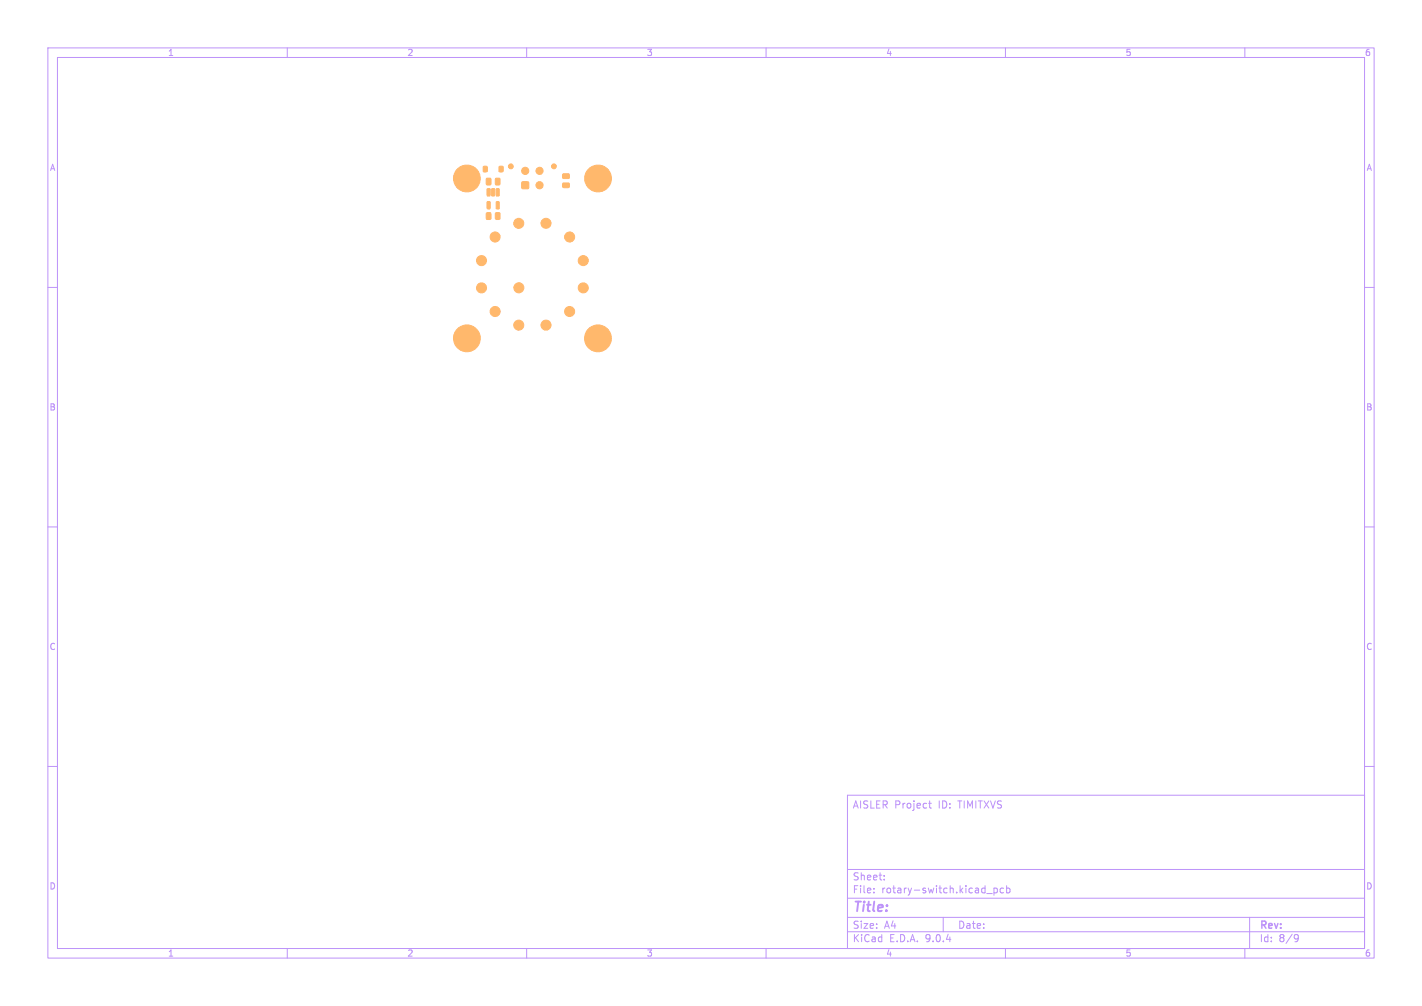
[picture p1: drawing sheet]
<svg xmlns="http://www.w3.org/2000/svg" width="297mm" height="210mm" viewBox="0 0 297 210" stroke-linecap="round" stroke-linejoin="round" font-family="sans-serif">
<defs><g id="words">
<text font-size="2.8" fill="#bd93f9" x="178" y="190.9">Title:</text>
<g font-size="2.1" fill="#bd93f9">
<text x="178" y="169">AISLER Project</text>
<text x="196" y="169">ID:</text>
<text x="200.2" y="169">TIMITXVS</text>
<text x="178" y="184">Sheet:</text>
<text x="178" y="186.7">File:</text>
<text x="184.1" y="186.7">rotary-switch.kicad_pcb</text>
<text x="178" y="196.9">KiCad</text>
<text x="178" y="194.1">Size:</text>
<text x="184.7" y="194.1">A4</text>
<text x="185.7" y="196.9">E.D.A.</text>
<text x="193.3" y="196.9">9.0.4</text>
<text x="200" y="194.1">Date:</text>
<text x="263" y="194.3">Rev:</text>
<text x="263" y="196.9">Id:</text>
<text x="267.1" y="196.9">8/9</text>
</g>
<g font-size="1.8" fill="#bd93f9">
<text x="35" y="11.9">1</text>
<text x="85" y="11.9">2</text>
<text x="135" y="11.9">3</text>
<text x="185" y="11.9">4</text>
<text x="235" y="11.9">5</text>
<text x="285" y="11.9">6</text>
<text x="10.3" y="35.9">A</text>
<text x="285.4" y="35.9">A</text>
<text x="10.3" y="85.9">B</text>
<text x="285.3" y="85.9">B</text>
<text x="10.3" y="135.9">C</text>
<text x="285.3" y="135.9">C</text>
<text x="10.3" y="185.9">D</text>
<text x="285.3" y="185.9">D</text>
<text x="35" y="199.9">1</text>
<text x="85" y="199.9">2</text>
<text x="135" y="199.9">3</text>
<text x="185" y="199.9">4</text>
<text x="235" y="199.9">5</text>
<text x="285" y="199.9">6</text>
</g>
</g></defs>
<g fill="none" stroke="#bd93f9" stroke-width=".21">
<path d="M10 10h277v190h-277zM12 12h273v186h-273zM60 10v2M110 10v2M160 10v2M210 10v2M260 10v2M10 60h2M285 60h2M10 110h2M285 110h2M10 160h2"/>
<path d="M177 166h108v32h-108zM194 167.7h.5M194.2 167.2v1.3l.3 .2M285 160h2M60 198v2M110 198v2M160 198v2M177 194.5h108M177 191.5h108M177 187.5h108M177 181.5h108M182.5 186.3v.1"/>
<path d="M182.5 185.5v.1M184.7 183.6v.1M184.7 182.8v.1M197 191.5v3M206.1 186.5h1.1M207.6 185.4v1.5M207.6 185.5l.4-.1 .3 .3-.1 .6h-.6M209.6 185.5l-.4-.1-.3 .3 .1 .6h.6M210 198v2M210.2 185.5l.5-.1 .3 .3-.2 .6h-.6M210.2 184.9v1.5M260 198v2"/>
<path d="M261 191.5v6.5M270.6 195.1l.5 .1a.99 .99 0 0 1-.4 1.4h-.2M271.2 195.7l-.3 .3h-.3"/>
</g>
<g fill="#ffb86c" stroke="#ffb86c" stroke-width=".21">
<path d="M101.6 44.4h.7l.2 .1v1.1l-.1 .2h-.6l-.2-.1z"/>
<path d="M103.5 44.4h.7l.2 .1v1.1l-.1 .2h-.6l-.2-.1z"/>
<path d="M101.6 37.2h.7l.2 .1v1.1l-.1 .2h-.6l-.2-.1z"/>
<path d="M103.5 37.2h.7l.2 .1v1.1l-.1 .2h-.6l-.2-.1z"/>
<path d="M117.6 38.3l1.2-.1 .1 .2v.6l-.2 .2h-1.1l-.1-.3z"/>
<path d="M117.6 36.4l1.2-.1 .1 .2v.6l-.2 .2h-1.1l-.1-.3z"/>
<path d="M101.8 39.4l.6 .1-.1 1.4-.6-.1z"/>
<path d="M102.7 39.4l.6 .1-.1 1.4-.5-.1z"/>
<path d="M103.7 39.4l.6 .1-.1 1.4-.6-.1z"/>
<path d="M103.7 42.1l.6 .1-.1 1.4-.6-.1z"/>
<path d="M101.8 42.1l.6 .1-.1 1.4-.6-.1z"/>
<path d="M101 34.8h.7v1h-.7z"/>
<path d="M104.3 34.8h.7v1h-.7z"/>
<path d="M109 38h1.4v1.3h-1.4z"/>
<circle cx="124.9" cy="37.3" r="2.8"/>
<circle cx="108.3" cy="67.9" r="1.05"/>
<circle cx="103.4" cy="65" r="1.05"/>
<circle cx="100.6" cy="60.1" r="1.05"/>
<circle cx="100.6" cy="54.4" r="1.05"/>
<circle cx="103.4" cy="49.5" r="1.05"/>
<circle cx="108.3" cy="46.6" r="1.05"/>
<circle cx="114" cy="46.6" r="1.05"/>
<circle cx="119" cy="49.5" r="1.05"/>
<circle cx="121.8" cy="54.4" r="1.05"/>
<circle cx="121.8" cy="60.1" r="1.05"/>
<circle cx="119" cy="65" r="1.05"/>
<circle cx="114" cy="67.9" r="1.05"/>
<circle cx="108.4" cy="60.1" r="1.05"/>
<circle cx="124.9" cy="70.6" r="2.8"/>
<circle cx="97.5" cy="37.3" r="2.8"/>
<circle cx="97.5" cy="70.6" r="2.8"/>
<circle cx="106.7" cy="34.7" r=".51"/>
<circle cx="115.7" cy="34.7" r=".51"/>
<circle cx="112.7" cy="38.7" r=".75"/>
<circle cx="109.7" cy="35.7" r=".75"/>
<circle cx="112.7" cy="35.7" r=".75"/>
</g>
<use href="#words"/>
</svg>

———

When repeating the listing, keep each line exact and exclude the pictures.

[picture p1: drawing sheet]
<svg xmlns="http://www.w3.org/2000/svg" width="297mm" height="210mm" viewBox="0 0 297 210" stroke-linecap="round" stroke-linejoin="round" font-family="sans-serif">
<defs><g id="words">
<text font-size="2.8" fill="#bd93f9" x="178" y="190.9">Title:</text>
<g font-size="2.1" fill="#bd93f9">
<text x="178" y="169">AISLER Project</text>
<text x="196" y="169">ID:</text>
<text x="200.2" y="169">TIMITXVS</text>
<text x="178" y="184">Sheet:</text>
<text x="178" y="186.7">File:</text>
<text x="184.1" y="186.7">rotary-switch.kicad_pcb</text>
<text x="178" y="196.9">KiCad</text>
<text x="178" y="194.1">Size:</text>
<text x="184.7" y="194.1">A4</text>
<text x="185.7" y="196.9">E.D.A.</text>
<text x="193.3" y="196.9">9.0.4</text>
<text x="200" y="194.1">Date:</text>
<text x="263" y="194.3">Rev:</text>
<text x="263" y="196.9">Id:</text>
<text x="267.1" y="196.9">8/9</text>
</g>
<g font-size="1.8" fill="#bd93f9">
<text x="35" y="11.9">1</text>
<text x="85" y="11.9">2</text>
<text x="135" y="11.9">3</text>
<text x="185" y="11.9">4</text>
<text x="235" y="11.9">5</text>
<text x="285" y="11.9">6</text>
<text x="10.3" y="35.9">A</text>
<text x="285.4" y="35.9">A</text>
<text x="10.3" y="85.9">B</text>
<text x="285.3" y="85.9">B</text>
<text x="10.3" y="135.9">C</text>
<text x="285.3" y="135.9">C</text>
<text x="10.3" y="185.9">D</text>
<text x="285.3" y="185.9">D</text>
<text x="35" y="199.9">1</text>
<text x="85" y="199.9">2</text>
<text x="135" y="199.9">3</text>
<text x="185" y="199.9">4</text>
<text x="235" y="199.9">5</text>
<text x="285" y="199.9">6</text>
</g>
</g></defs>
<g fill="none" stroke="#bd93f9" stroke-width=".21">
<path d="M10 10h277v190h-277zM12 12h273v186h-273zM60 10v2M110 10v2M160 10v2M210 10v2M260 10v2M10 60h2M285 60h2M10 110h2M285 110h2M10 160h2"/>
<path d="M177 166h108v32h-108zM194 167.7h.5M194.2 167.2v1.3l.3 .2M285 160h2M60 198v2M110 198v2M160 198v2M177 194.5h108M177 191.5h108M177 187.5h108M177 181.5h108M182.5 186.3v.1"/>
<path d="M182.5 185.5v.1M184.7 183.6v.1M184.7 182.8v.1M197 191.5v3M206.1 186.5h1.1M207.6 185.4v1.5M207.6 185.5l.4-.1 .3 .3-.1 .6h-.6M209.6 185.5l-.4-.1-.3 .3 .1 .6h.6M210 198v2M210.2 185.5l.5-.1 .3 .3-.2 .6h-.6M210.2 184.9v1.5M260 198v2"/>
<path d="M261 191.5v6.5M270.6 195.1l.5 .1a.99 .99 0 0 1-.4 1.4h-.2M271.2 195.7l-.3 .3h-.3"/>
</g>
<g fill="#ffb86c" stroke="#ffb86c" stroke-width=".21">
<path d="M101.6 44.4h.7l.2 .1v1.1l-.1 .2h-.6l-.2-.1z"/>
<path d="M103.5 44.4h.7l.2 .1v1.1l-.1 .2h-.6l-.2-.1z"/>
<path d="M101.6 37.2h.7l.2 .1v1.1l-.1 .2h-.6l-.2-.1z"/>
<path d="M103.5 37.2h.7l.2 .1v1.1l-.1 .2h-.6l-.2-.1z"/>
<path d="M117.6 38.3l1.2-.1 .1 .2v.6l-.2 .2h-1.1l-.1-.3z"/>
<path d="M117.6 36.4l1.2-.1 .1 .2v.6l-.2 .2h-1.1l-.1-.3z"/>
<path d="M101.8 39.4l.6 .1-.1 1.4-.6-.1z"/>
<path d="M102.7 39.4l.6 .1-.1 1.4-.5-.1z"/>
<path d="M103.7 39.4l.6 .1-.1 1.4-.6-.1z"/>
<path d="M103.7 42.1l.6 .1-.1 1.4-.6-.1z"/>
<path d="M101.8 42.1l.6 .1-.1 1.4-.6-.1z"/>
<path d="M101 34.8h.7v1h-.7z"/>
<path d="M104.3 34.8h.7v1h-.7z"/>
<path d="M109 38h1.4v1.3h-1.4z"/>
<circle cx="124.9" cy="37.3" r="2.8"/>
<circle cx="108.3" cy="67.9" r="1.05"/>
<circle cx="103.4" cy="65" r="1.05"/>
<circle cx="100.6" cy="60.1" r="1.05"/>
<circle cx="100.6" cy="54.4" r="1.05"/>
<circle cx="103.4" cy="49.5" r="1.05"/>
<circle cx="108.3" cy="46.6" r="1.05"/>
<circle cx="114" cy="46.6" r="1.05"/>
<circle cx="119" cy="49.5" r="1.05"/>
<circle cx="121.8" cy="54.4" r="1.05"/>
<circle cx="121.8" cy="60.1" r="1.05"/>
<circle cx="119" cy="65" r="1.05"/>
<circle cx="114" cy="67.9" r="1.05"/>
<circle cx="108.4" cy="60.1" r="1.05"/>
<circle cx="124.9" cy="70.6" r="2.8"/>
<circle cx="97.5" cy="37.3" r="2.8"/>
<circle cx="97.5" cy="70.6" r="2.8"/>
<circle cx="106.7" cy="34.7" r=".51"/>
<circle cx="115.7" cy="34.7" r=".51"/>
<circle cx="112.7" cy="38.7" r=".75"/>
<circle cx="109.7" cy="35.7" r=".75"/>
<circle cx="112.7" cy="35.7" r=".75"/>
</g>
<use href="#words"/>
</svg>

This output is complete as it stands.